The answer must consist of every line below that contains the word "object".

» DATA SUPPLIED
══════════════════════════════
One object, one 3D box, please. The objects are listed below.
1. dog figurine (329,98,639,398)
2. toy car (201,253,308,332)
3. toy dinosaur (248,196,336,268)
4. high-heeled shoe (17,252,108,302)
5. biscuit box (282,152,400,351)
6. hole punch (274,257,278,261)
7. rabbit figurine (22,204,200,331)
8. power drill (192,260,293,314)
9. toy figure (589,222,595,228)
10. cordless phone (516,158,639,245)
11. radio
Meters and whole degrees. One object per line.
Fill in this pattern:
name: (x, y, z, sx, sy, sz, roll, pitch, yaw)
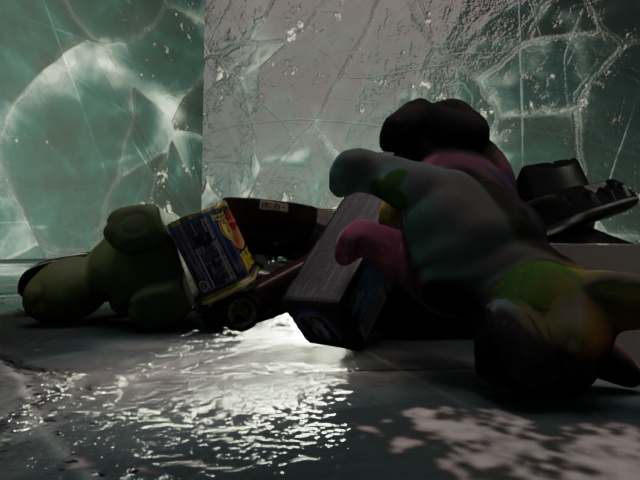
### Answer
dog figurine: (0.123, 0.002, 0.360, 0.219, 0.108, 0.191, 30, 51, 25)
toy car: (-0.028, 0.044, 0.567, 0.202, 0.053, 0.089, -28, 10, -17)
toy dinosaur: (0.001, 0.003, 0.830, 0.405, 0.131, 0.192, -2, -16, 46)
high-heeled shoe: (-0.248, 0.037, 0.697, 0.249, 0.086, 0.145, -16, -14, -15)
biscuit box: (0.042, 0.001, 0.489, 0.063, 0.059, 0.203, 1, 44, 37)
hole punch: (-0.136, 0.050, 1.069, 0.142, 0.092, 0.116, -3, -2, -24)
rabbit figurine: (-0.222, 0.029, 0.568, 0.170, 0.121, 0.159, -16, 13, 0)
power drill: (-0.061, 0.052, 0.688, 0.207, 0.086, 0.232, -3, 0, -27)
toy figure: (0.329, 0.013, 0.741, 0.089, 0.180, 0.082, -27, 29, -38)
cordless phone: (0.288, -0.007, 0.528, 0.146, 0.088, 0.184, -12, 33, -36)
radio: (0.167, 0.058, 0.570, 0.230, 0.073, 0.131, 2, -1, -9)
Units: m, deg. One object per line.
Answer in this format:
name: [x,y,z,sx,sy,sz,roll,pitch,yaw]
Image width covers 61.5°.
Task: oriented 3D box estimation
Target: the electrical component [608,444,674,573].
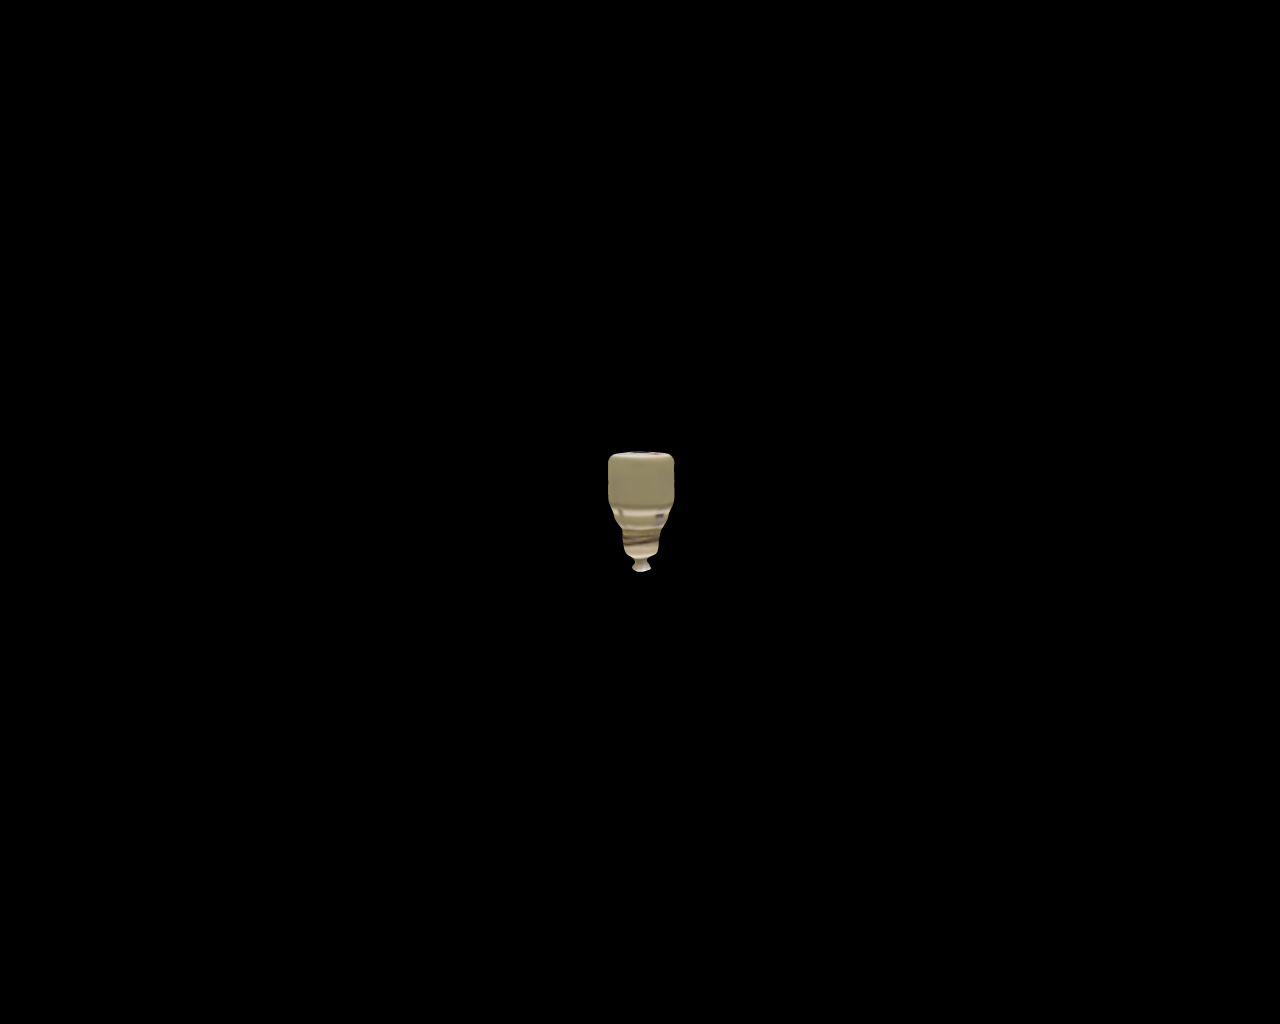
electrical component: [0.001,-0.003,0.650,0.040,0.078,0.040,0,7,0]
══════════════════════════════
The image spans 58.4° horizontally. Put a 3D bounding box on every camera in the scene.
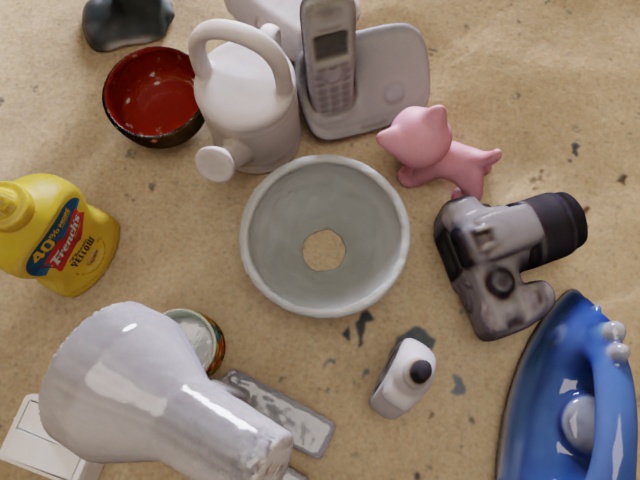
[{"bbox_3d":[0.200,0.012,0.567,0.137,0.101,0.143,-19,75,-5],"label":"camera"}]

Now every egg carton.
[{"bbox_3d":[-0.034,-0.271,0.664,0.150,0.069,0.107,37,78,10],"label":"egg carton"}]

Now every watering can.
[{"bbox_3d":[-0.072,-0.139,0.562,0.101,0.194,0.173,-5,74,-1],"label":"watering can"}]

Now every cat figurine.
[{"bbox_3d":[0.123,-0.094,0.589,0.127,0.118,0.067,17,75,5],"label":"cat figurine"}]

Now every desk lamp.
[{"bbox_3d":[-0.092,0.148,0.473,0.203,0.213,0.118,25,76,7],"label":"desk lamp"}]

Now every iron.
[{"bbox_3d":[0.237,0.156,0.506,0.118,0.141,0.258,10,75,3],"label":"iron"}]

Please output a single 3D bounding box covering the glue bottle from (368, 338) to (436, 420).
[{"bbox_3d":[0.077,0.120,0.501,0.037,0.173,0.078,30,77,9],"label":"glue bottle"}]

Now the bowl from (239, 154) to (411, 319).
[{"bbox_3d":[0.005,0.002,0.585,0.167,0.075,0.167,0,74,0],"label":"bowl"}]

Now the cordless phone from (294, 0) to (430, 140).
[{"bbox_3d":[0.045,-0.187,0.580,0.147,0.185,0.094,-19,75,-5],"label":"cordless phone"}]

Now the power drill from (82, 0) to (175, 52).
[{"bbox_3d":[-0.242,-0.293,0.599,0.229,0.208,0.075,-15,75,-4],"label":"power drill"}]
══════════════════════════════
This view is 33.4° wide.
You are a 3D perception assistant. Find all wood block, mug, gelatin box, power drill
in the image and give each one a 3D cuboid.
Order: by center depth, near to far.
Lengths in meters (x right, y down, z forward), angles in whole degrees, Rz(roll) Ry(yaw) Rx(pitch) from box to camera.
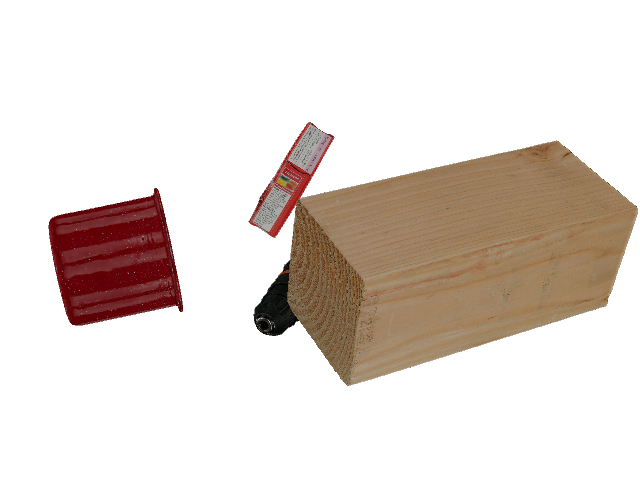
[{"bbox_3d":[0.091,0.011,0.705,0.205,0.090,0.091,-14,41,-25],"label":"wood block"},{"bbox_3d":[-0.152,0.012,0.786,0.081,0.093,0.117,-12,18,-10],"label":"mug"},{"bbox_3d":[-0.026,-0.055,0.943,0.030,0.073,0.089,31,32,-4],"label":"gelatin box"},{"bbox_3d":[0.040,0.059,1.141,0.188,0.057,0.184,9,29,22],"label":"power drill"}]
══════════════════════════════
» THE ANSWER
One object, one 3D box, please. The objects are listed below.
Meters and whole degrees. One object per line.
Units: m, deg. One object per line.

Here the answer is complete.